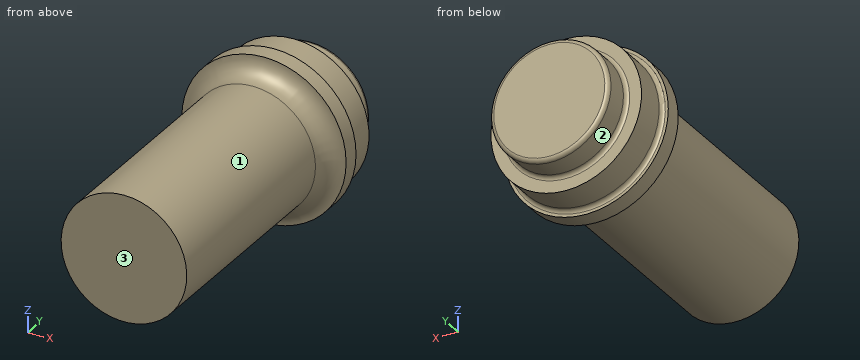
from build123d import *

# Parameters (mm, degrees)
SKETCH1_R           = 15.9
BOSS_EXTRUDE1_DEPTH = 62
SKETCH2_R           = 20.8
BOSS_EXTRUDE2_DEPTH = 4.4
SKETCH3_R           = 19.05
BOSS_EXTRUDE3_DEPTH = 8.8
SKETCH4_R           = 15.05
BOSS_EXTRUDE4_DEPTH = 7.5
FILLET1_R           = 5
FILLET2_R           = 1


with BuildPart() as part:
    # Sketch1 → Boss-Extrude1 (new body)
    with BuildSketch(Plane(origin=(0, 0, 0), x_dir=(1, 0, 0), z_dir=(0, 1, 0))):
        with Locations(Location((0, 0, 0), (0, 0, 270))):
            Circle(SKETCH1_R)
    extrude(amount=BOSS_EXTRUDE1_DEPTH)

    # Sketch2 → Boss-Extrude2 (add)
    with BuildSketch(Plane(origin=(0, 62, 0), x_dir=(1, 0, 0), z_dir=(0, 1, 0))):
        with Locations(Location((0, 0, 0), (0, 0, 270))):
            Circle(SKETCH2_R)
    extrude(amount=BOSS_EXTRUDE2_DEPTH)

    # Sketch3 → Boss-Extrude3 (add)
    with BuildSketch(Plane(origin=(0, 66.4, 0), x_dir=(1, 0, 0), z_dir=(0, 1, 0))):
        with Locations(Location((0, 0, 0), (0, 0, 270))):
            Circle(SKETCH3_R)
    extrude(amount=BOSS_EXTRUDE3_DEPTH)

    # Sketch4 → Boss-Extrude4 (add)
    with BuildSketch(Plane(origin=(0, 75.2, 0), x_dir=(1, 0, 0), z_dir=(0, 1, 0))):
        with Locations(Location((0, 0, 0), (0, 0, 270))):
            Circle(SKETCH4_R)
    extrude(amount=BOSS_EXTRUDE4_DEPTH)

    # Fillet1
    # the kernel refuses this fillet: 5 mm, written as the material it adds along each edge
    with BuildSketch(Plane(origin=(0, 62, 0), x_dir=(0, 0, 1), z_dir=(-1, 0, 0))) as fillet1_piece_1_section:
        with BuildLine():
            CenterArc((15.9 + FILLET1_R, -FILLET1_R), FILLET1_R, 90, 90)
            Line((15.9, -FILLET1_R), (15.9, 0))
            Line((15.9, 0), (15.9 + FILLET1_R, 0))
        make_face()
    fillet1_piece_1 = revolve(axis=Axis((0, 62, 0), (0, 1, 0)), mode=Mode.PRIVATE)
    fillet1_piece_1 = fillet1_piece_1 & Plane(origin=(0, 60.561583107, 0), x_dir=(0, 0, 1), z_dir=(0, -1, 0)) * Cylinder(20.8, 84, mode=Mode.PRIVATE)
    add(fillet1_piece_1)

    # Fillet2
    fillet2_edges = [part.edges().sort_by_distance(p)[0] for p in [
        (0, 75.2, -15.05),
        (0, 82.7, -15.05),
        (0, 66.4, -19.05),
    ]]
    fillet(fillet2_edges, radius=FILLET2_R)


solid = part.part
Geometry: final body of the model. Coordinates: model frame, mm. Face numbers are marked on the shaded views. A direction names the side the tool comes from. Round coordinates to 2 decimals unless told otherwise and drop trailing zeros. Loops run counter-clockwise (first coordinate to the right, second up) from the corner with the lowest first, then second, coordinate; pieces in that order, holes last. Notation, with made-up numbers: (57, 58) - (97, 58) arc R13 cw to (97, 68) - close; hole circle Ø7 at (74.5, -34.5). An arc over 180 degrees is marked (long way). Write each question's results on one line, items separated by ' | '. Start each with the question number.
1) Cut plane C-C on y = 63. Return loops of the section in (x, z).
2) Cut plane B-B on z = 0. Return loops of the section in (x, y).
3) Access query for the marked faces 1, 2 and 3. Directions: +Z, -Z, +X, -X, +Y, -Y. A direction counts if a zero-diameter tool reaches every point of the face in a straight line with its end or side. Return the directions, or none.
4) Cut plane A-A on x = 0. Return loops of the section in (y, z).
5) Cut plane D-D on y = 78. Return loops of the section in (x, z), then the cut area to 3 significant figures.
6) Line query: probe 1 along Z at (x, y) = (-0.5, 56); probe 2 along Y at (x, z) = (-1.5, -16.5); probe 3 along X at (y, z) = (41, 11.5). Output: solid intervals per line, ascending. Write a range as [from, to].
7) First-contact query: P1, Ø8, axis at y = 50.5, z = 4, coming from the -X side; P2, Ø12, axis at x = 0.5, y = 43.5, coming from the +Z side; P3, Ø3, axis at y = 9.5, z = 1, coming from the +X side. Flat tips, straight axial feed; report the tip coordinate or a pass-through.
Verdict:
1) outline: circle Ø41.6 at (0, 0)
2) outline: (-20.8, 62) arc R5 cw to (-15.9, 57) - (-15.9, 0) - (15.9, 0) - (15.9, 57) arc R5 cw to (20.8, 62) - (20.8, 66.4) - (20.05, 66.4) arc R1 cw to (19.05, 67.4) - (19.05, 75.2) - (16.05, 75.2) arc R1 cw to (15.05, 76.2) - (15.05, 81.7) arc R1 ccw to (14.05, 82.7) - (-14.05, 82.7) arc R1 ccw to (-15.05, 81.7) - (-15.05, 76.2) arc R1 cw to (-16.05, 75.2) - (-19.05, 75.2) - (-19.05, 67.4) arc R1 cw to (-20.05, 66.4) - (-20.8, 66.4) - close
3) face 1: -Y | face 2: +Y | face 3: +Z, -Z, +X, -X, -Y
4) outline: (0, -15.9) - (57, -15.9) arc R5 cw to (62, -20.8) - (66.4, -20.8) - (66.4, -20.05) arc R1 cw to (67.4, -19.05) - (75.2, -19.05) - (75.2, -16.05) arc R1 cw to (76.2, -15.05) - (81.7, -15.05) arc R1 ccw to (82.7, -14.05) - (82.7, 14.05) arc R1 ccw to (81.7, 15.05) - (76.2, 15.05) arc R1 cw to (75.2, 16.05) - (75.2, 19.05) - (67.4, 19.05) arc R1 cw to (66.4, 20.05) - (66.4, 20.8) - (62, 20.8) arc R5 cw to (57, 15.9) - (0, 15.9) - close
5) outline: circle Ø30.1 at (0, 0) | area: 712 mm2
6) probe 1: z = [-15.89, 15.89] | probe 2: y = [59.5, 75.2] | probe 3: x = [-10.98, 10.98]
7) P1: stops at x = -15.9 | P2: stops at z = 15.9 | P3: stops at x = 15.9
○ ○ ○
_EXERCISE BRIEF_
Pictures stay out; copy every entry above exactly.

_REPLY_
from build123d import *

# Parameters (mm, degrees)
SKETCH1_R           = 15.9
BOSS_EXTRUDE1_DEPTH = 62
SKETCH2_R           = 20.8
BOSS_EXTRUDE2_DEPTH = 4.4
SKETCH3_R           = 19.05
BOSS_EXTRUDE3_DEPTH = 8.8
SKETCH4_R           = 15.05
BOSS_EXTRUDE4_DEPTH = 7.5
FILLET1_R           = 5
FILLET2_R           = 1


with BuildPart() as part:
    # Sketch1 → Boss-Extrude1 (new body)
    with BuildSketch(Plane(origin=(0, 0, 0), x_dir=(1, 0, 0), z_dir=(0, 1, 0))):
        with Locations(Location((0, 0, 0), (0, 0, 270))):
            Circle(SKETCH1_R)
    extrude(amount=BOSS_EXTRUDE1_DEPTH)

    # Sketch2 → Boss-Extrude2 (add)
    with BuildSketch(Plane(origin=(0, 62, 0), x_dir=(1, 0, 0), z_dir=(0, 1, 0))):
        with Locations(Location((0, 0, 0), (0, 0, 270))):
            Circle(SKETCH2_R)
    extrude(amount=BOSS_EXTRUDE2_DEPTH)

    # Sketch3 → Boss-Extrude3 (add)
    with BuildSketch(Plane(origin=(0, 66.4, 0), x_dir=(1, 0, 0), z_dir=(0, 1, 0))):
        with Locations(Location((0, 0, 0), (0, 0, 270))):
            Circle(SKETCH3_R)
    extrude(amount=BOSS_EXTRUDE3_DEPTH)

    # Sketch4 → Boss-Extrude4 (add)
    with BuildSketch(Plane(origin=(0, 75.2, 0), x_dir=(1, 0, 0), z_dir=(0, 1, 0))):
        with Locations(Location((0, 0, 0), (0, 0, 270))):
            Circle(SKETCH4_R)
    extrude(amount=BOSS_EXTRUDE4_DEPTH)

    # Fillet1
    # the kernel refuses this fillet: 5 mm, written as the material it adds along each edge
    with BuildSketch(Plane(origin=(0, 62, 0), x_dir=(0, 0, 1), z_dir=(-1, 0, 0))) as fillet1_piece_1_section:
        with BuildLine():
            CenterArc((15.9 + FILLET1_R, -FILLET1_R), FILLET1_R, 90, 90)
            Line((15.9, -FILLET1_R), (15.9, 0))
            Line((15.9, 0), (15.9 + FILLET1_R, 0))
        make_face()
    fillet1_piece_1 = revolve(axis=Axis((0, 62, 0), (0, 1, 0)), mode=Mode.PRIVATE)
    fillet1_piece_1 = fillet1_piece_1 & Plane(origin=(0, 60.561583107, 0), x_dir=(0, 0, 1), z_dir=(0, -1, 0)) * Cylinder(20.8, 84, mode=Mode.PRIVATE)
    add(fillet1_piece_1)

    # Fillet2
    fillet2_edges = [part.edges().sort_by_distance(p)[0] for p in [
        (0, 75.2, -15.05),
        (0, 82.7, -15.05),
        (0, 66.4, -19.05),
    ]]
    fillet(fillet2_edges, radius=FILLET2_R)


solid = part.part
Geometry: final body of the model. Coordinates: model frame, mm. Face numbers are marked on the shaded views. A direction names the side the tool comes from. Round coordinates to 2 decimals unless told otherwise and drop trailing zeros. Loops run counter-clockwise (first coordinate to the right, second up) from the corner with the lowest first, then second, coordinate; pieces in that order, holes last. Notation, with made-up numbers: (57, 58) - (97, 58) arc R13 cw to (97, 68) - close; hole circle Ø7 at (74.5, -34.5). An arc over 180 degrees is marked (long way). Write each question's results on one line, items separated by ' | '. Start each with the question number.
1) Cut plane C-C on y = 63. Return loops of the section in (x, z).
2) Cut plane B-B on z = 0. Return loops of the section in (x, y).
3) Access query for the marked faces 1, 2 and 3. Directions: +Z, -Z, +X, -X, +Y, -Y. A direction counts if a zero-diameter tool reaches every point of the face in a straight line with its end or side. Return the directions, or none.
4) Cut plane A-A on x = 0. Return loops of the section in (y, z).
5) Cut plane D-D on y = 78. Return loops of the section in (x, z), then the cut area to 3 significant figures.
6) Line query: probe 1 along Z at (x, y) = (-0.5, 56); probe 2 along Y at (x, z) = (-1.5, -16.5); probe 3 along X at (y, z) = (41, 11.5). Output: solid intervals per line, ascending. Write a range as [from, to].
7) First-contact query: P1, Ø8, axis at y = 50.5, z = 4, coming from the -X side; P2, Ø12, axis at x = 0.5, y = 43.5, coming from the +Z side; P3, Ø3, axis at y = 9.5, z = 1, coming from the +X side. Flat tips, straight axial feed; report the tip coordinate or a pass-through.
Verdict:
1) outline: circle Ø41.6 at (0, 0)
2) outline: (-20.8, 62) arc R5 cw to (-15.9, 57) - (-15.9, 0) - (15.9, 0) - (15.9, 57) arc R5 cw to (20.8, 62) - (20.8, 66.4) - (20.05, 66.4) arc R1 cw to (19.05, 67.4) - (19.05, 75.2) - (16.05, 75.2) arc R1 cw to (15.05, 76.2) - (15.05, 81.7) arc R1 ccw to (14.05, 82.7) - (-14.05, 82.7) arc R1 ccw to (-15.05, 81.7) - (-15.05, 76.2) arc R1 cw to (-16.05, 75.2) - (-19.05, 75.2) - (-19.05, 67.4) arc R1 cw to (-20.05, 66.4) - (-20.8, 66.4) - close
3) face 1: -Y | face 2: +Y | face 3: +Z, -Z, +X, -X, -Y
4) outline: (0, -15.9) - (57, -15.9) arc R5 cw to (62, -20.8) - (66.4, -20.8) - (66.4, -20.05) arc R1 cw to (67.4, -19.05) - (75.2, -19.05) - (75.2, -16.05) arc R1 cw to (76.2, -15.05) - (81.7, -15.05) arc R1 ccw to (82.7, -14.05) - (82.7, 14.05) arc R1 ccw to (81.7, 15.05) - (76.2, 15.05) arc R1 cw to (75.2, 16.05) - (75.2, 19.05) - (67.4, 19.05) arc R1 cw to (66.4, 20.05) - (66.4, 20.8) - (62, 20.8) arc R5 cw to (57, 15.9) - (0, 15.9) - close
5) outline: circle Ø30.1 at (0, 0) | area: 712 mm2
6) probe 1: z = [-15.89, 15.89] | probe 2: y = [59.5, 75.2] | probe 3: x = [-10.98, 10.98]
7) P1: stops at x = -15.9 | P2: stops at z = 15.9 | P3: stops at x = 15.9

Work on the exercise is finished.